» Description of the task: Omit the images. Copy each entry word for word.

» The input:
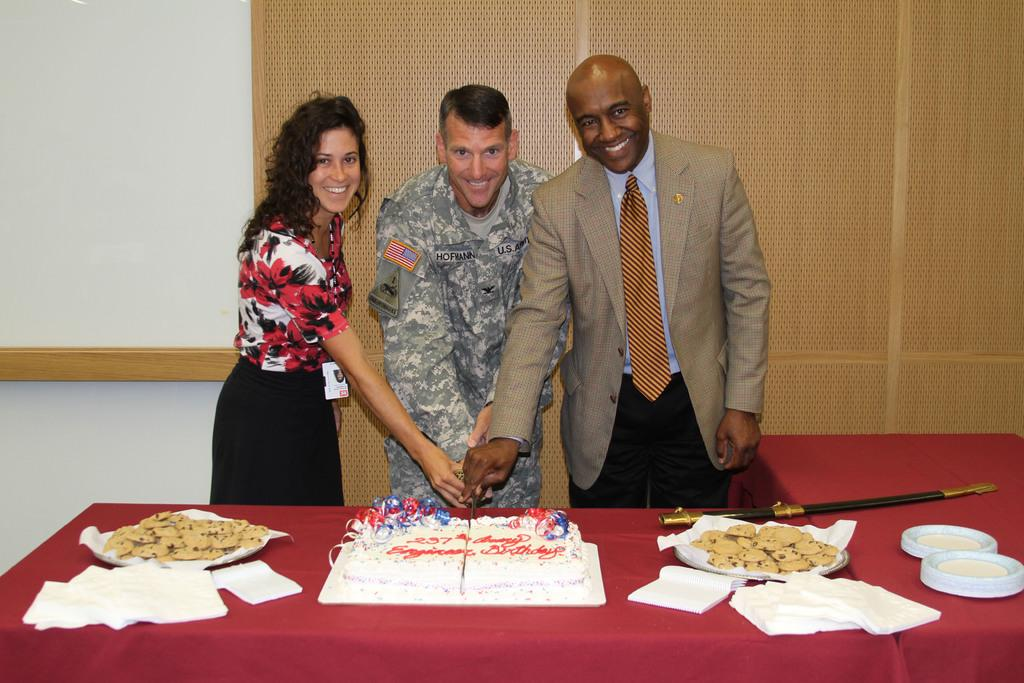How many people are in the image? There are three persons in the image. What are the persons doing in the image? The persons are cutting a cake. Where is the cake located in the image? The cake is placed on a table. What other items can be seen on the table? There are biscuits and tissue papers on the table. What direction is the coach facing in the image? There is no coach present in the image. 
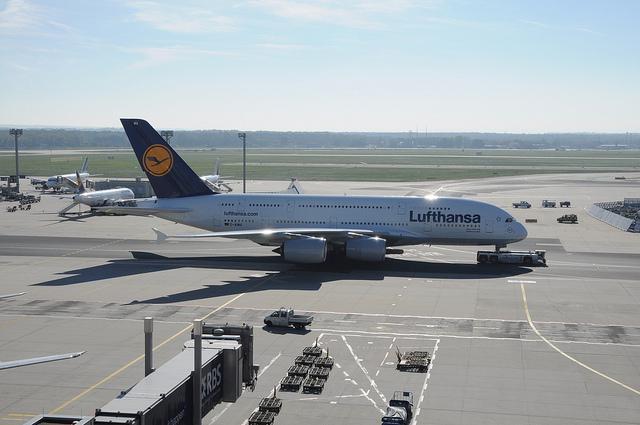How many airplanes can you see?
Give a very brief answer. 1. How many people are visible behind the man seated in blue?
Give a very brief answer. 0. 
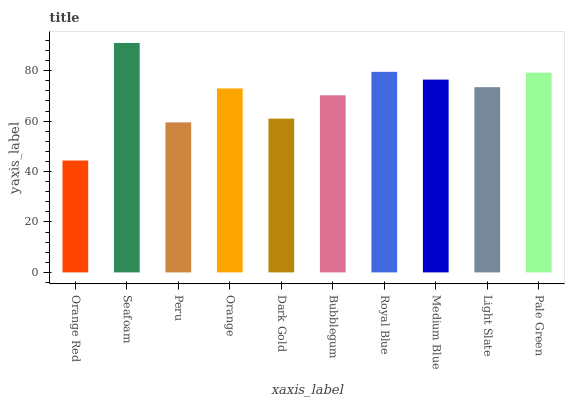Is Orange Red the minimum?
Answer yes or no. Yes. Is Seafoam the maximum?
Answer yes or no. Yes. Is Peru the minimum?
Answer yes or no. No. Is Peru the maximum?
Answer yes or no. No. Is Seafoam greater than Peru?
Answer yes or no. Yes. Is Peru less than Seafoam?
Answer yes or no. Yes. Is Peru greater than Seafoam?
Answer yes or no. No. Is Seafoam less than Peru?
Answer yes or no. No. Is Light Slate the high median?
Answer yes or no. Yes. Is Orange the low median?
Answer yes or no. Yes. Is Pale Green the high median?
Answer yes or no. No. Is Peru the low median?
Answer yes or no. No. 
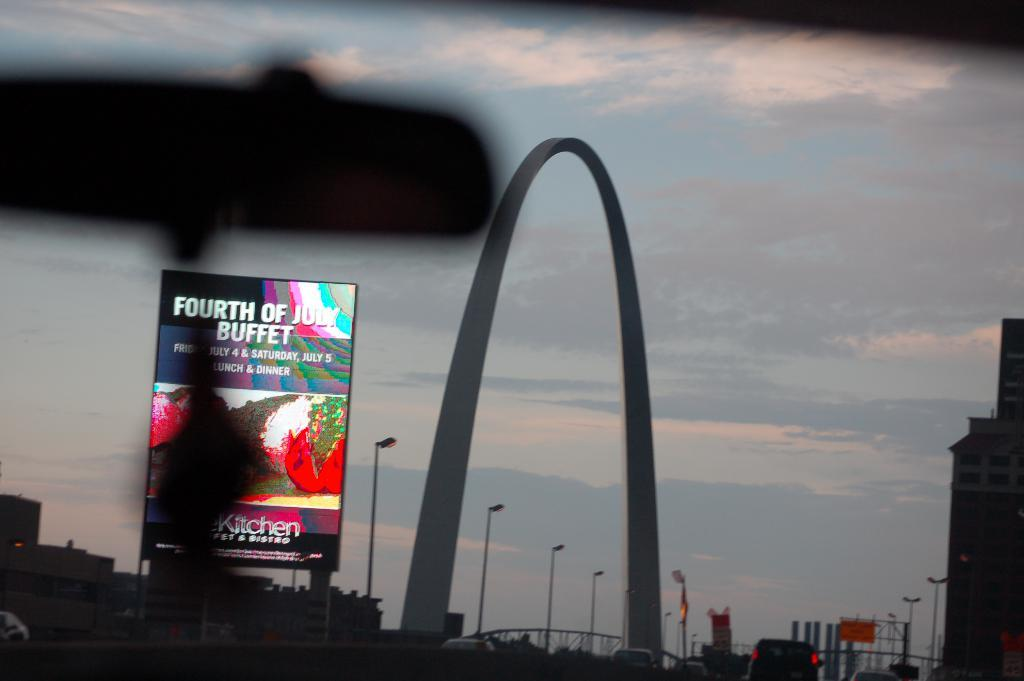<image>
Summarize the visual content of the image. a sign for the Fourth Of July buffet is near an archway

» Solution to the problem:
How many people are in the image? There are three persons in the image. What are the persons doing in the image? The persons are cutting a cake. Where is the cake located in the image? The cake is placed on a table. What other items can be seen on the table? There are biscuits and tissue papers on the table. What direction is the coach facing in the image? There is no coach present in the image. 
How many airplanes can you see?
Give a very brief answer. 1. How many people are visible behind the man seated in blue?
Give a very brief answer. 0. 
Is Orange Red the minimum?
Answer yes or no. Yes. Is Seafoam the maximum?
Answer yes or no. Yes. Is Peru the minimum?
Answer yes or no. No. Is Peru the maximum?
Answer yes or no. No. Is Seafoam greater than Peru?
Answer yes or no. Yes. Is Peru less than Seafoam?
Answer yes or no. Yes. Is Peru greater than Seafoam?
Answer yes or no. No. Is Seafoam less than Peru?
Answer yes or no. No. Is Light Slate the high median?
Answer yes or no. Yes. Is Orange the low median?
Answer yes or no. Yes. Is Pale Green the high median?
Answer yes or no. No. Is Peru the low median?
Answer yes or no. No. 
<image>
Summarize the visual content of the image. a sign for the Fourth Of July buffet is near an archway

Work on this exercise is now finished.